Avant d’ingurgiter coupe-faim et amphétamines
pour maigrir, encore et encore…
-DE NOTRE ENVOYÉ SPÉCIAL À SÃO PAULO, DAVID LE BAILLY-
C
‘est une auberge au bout d’un chemin en terre, à la limite du
village de Pirapora do Bom Jesus. Un village pauvre, à un peu
plus de 50 kilomètres de São Paulo et de ses 20 millions
d’habitants, traversé par une rivière qui exhale une odeur de marécage.
« La Posada de lo lago », est-il écrit en lettres capitales sur la façade.
L’auberge peut recevoir 120 personnes, mais, ce soir, il n’y a aucun
client.
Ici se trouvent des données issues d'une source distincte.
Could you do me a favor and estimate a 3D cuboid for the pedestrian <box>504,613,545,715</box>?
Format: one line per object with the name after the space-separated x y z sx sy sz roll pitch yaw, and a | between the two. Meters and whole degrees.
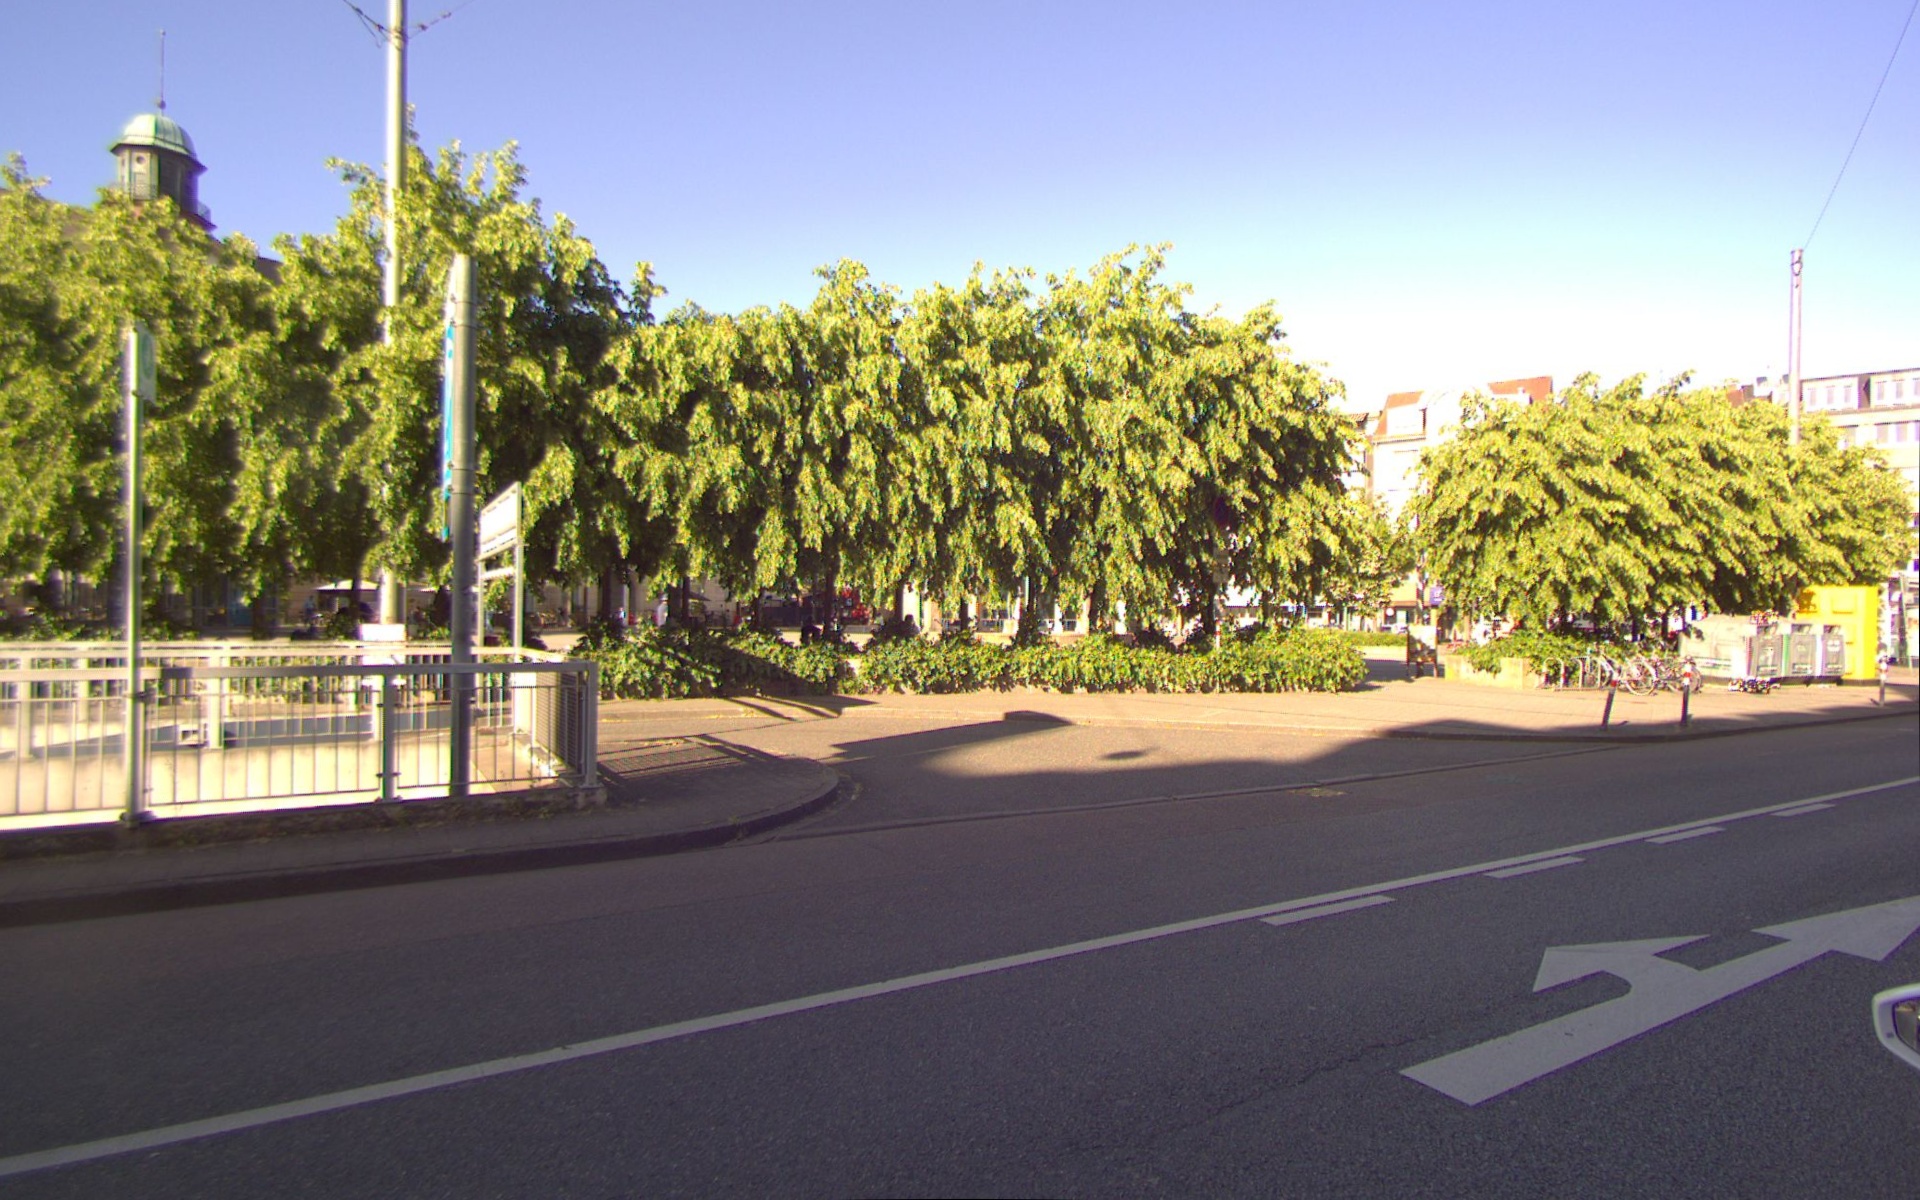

Ce soir, c’est l’anniversaire de Rafaël, le frère d’Ana Carolina, et
presque toute la famille Macan, les propriétaires, est réunie dans la
grande salle du restaurant, aménagée comme un chalet savoyard.
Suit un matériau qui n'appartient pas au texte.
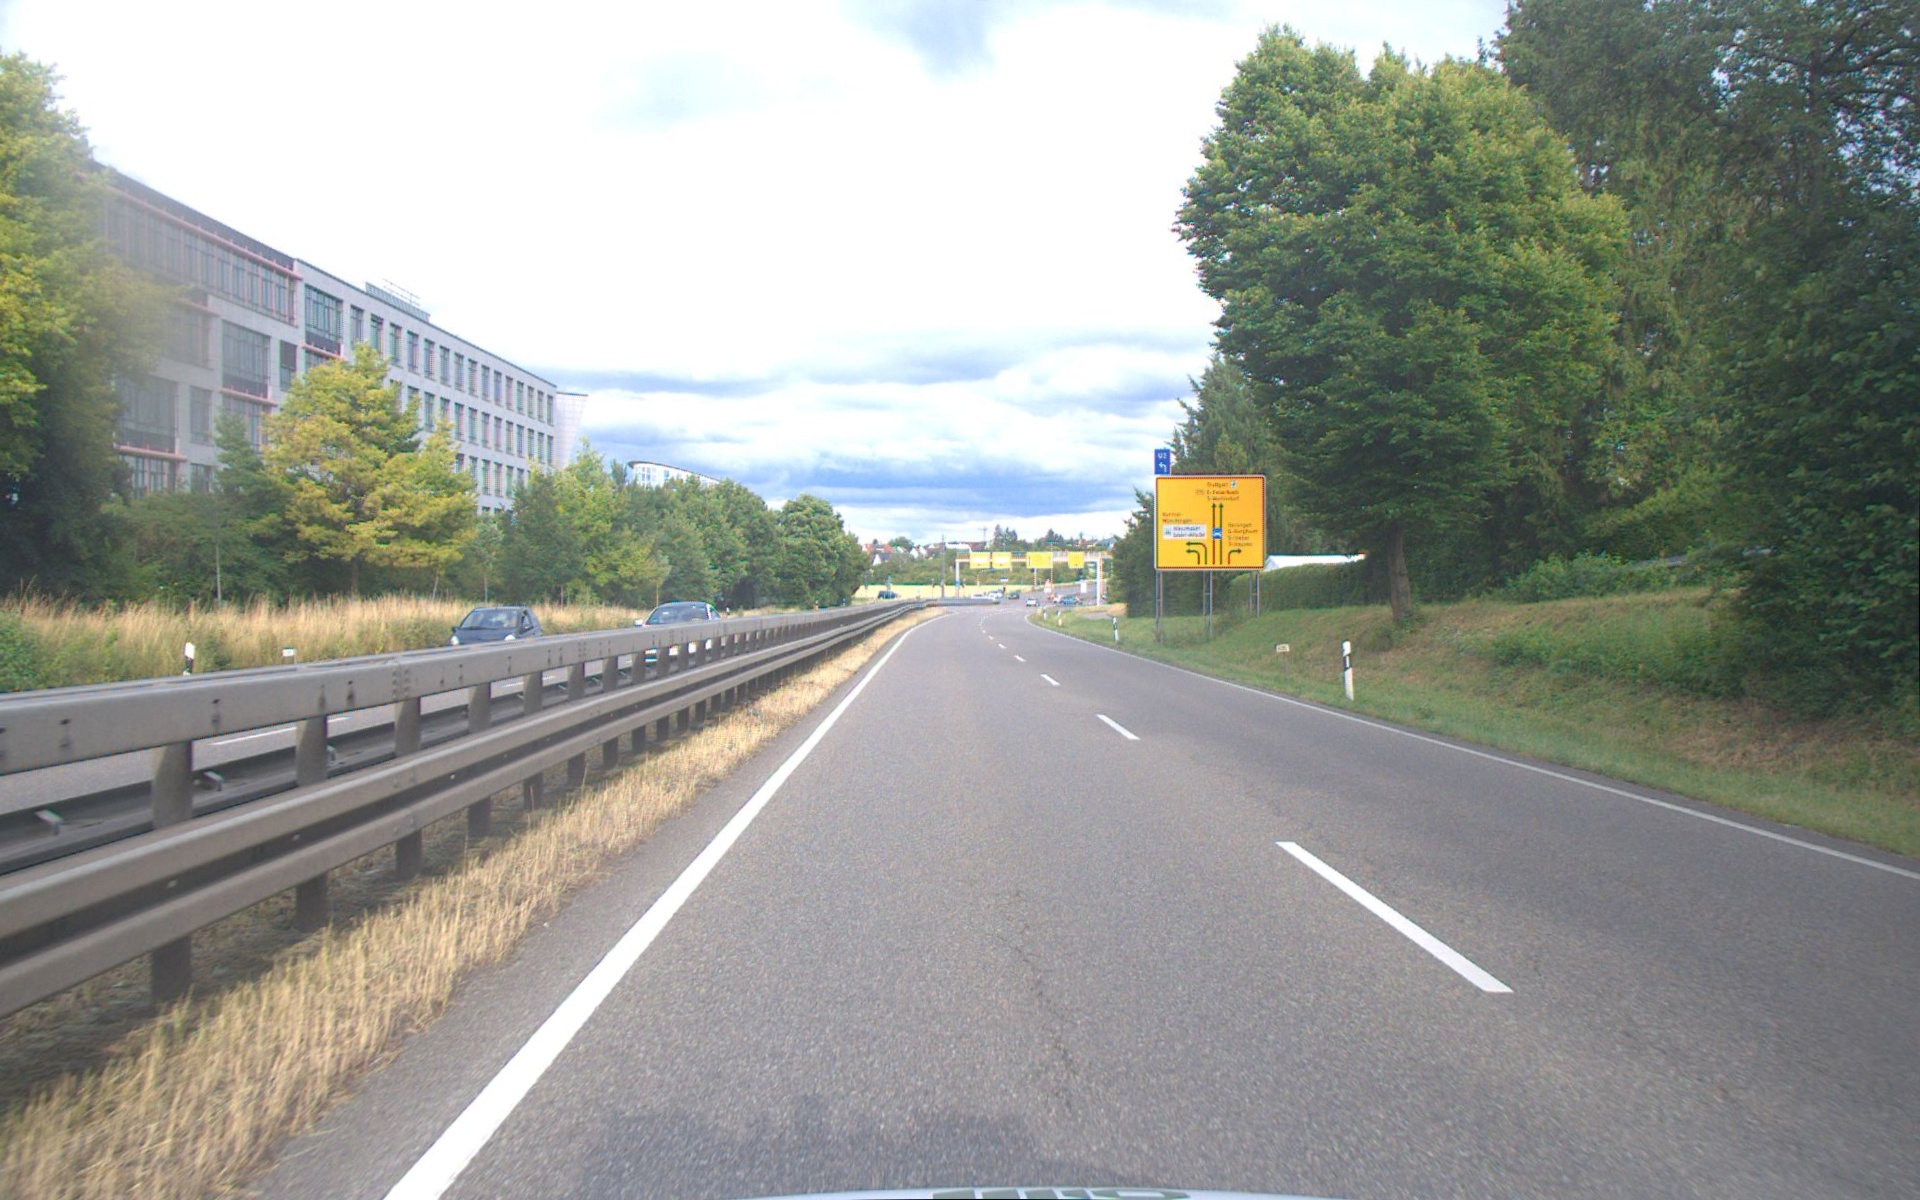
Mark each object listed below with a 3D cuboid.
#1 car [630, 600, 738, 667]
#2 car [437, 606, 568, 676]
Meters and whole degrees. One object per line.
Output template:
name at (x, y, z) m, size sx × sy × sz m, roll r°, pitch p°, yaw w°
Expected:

Quelques rires un peu contenus, puis Rafaël souffle trois bougies
suspendues sur un chandelier. Ça y est, il a 20 ans. Il a l’air heureux
avec sa crinière de cheveux noirs et sa boucle d’oreille de rocker.
Étrange atmosphère où l’on parle d’un bout à l’autre de la table
sans prêter attention au père de Rafaël, Narciso. Le regard un peu
perdu, le corps immobile sur sa chaise, il tourne lentement la tête, à
gauche, à droite, selon la provenance des échos de voix qui lui
parviennent. Il souffre d’une double maladie, Parkinson et Alzheimer.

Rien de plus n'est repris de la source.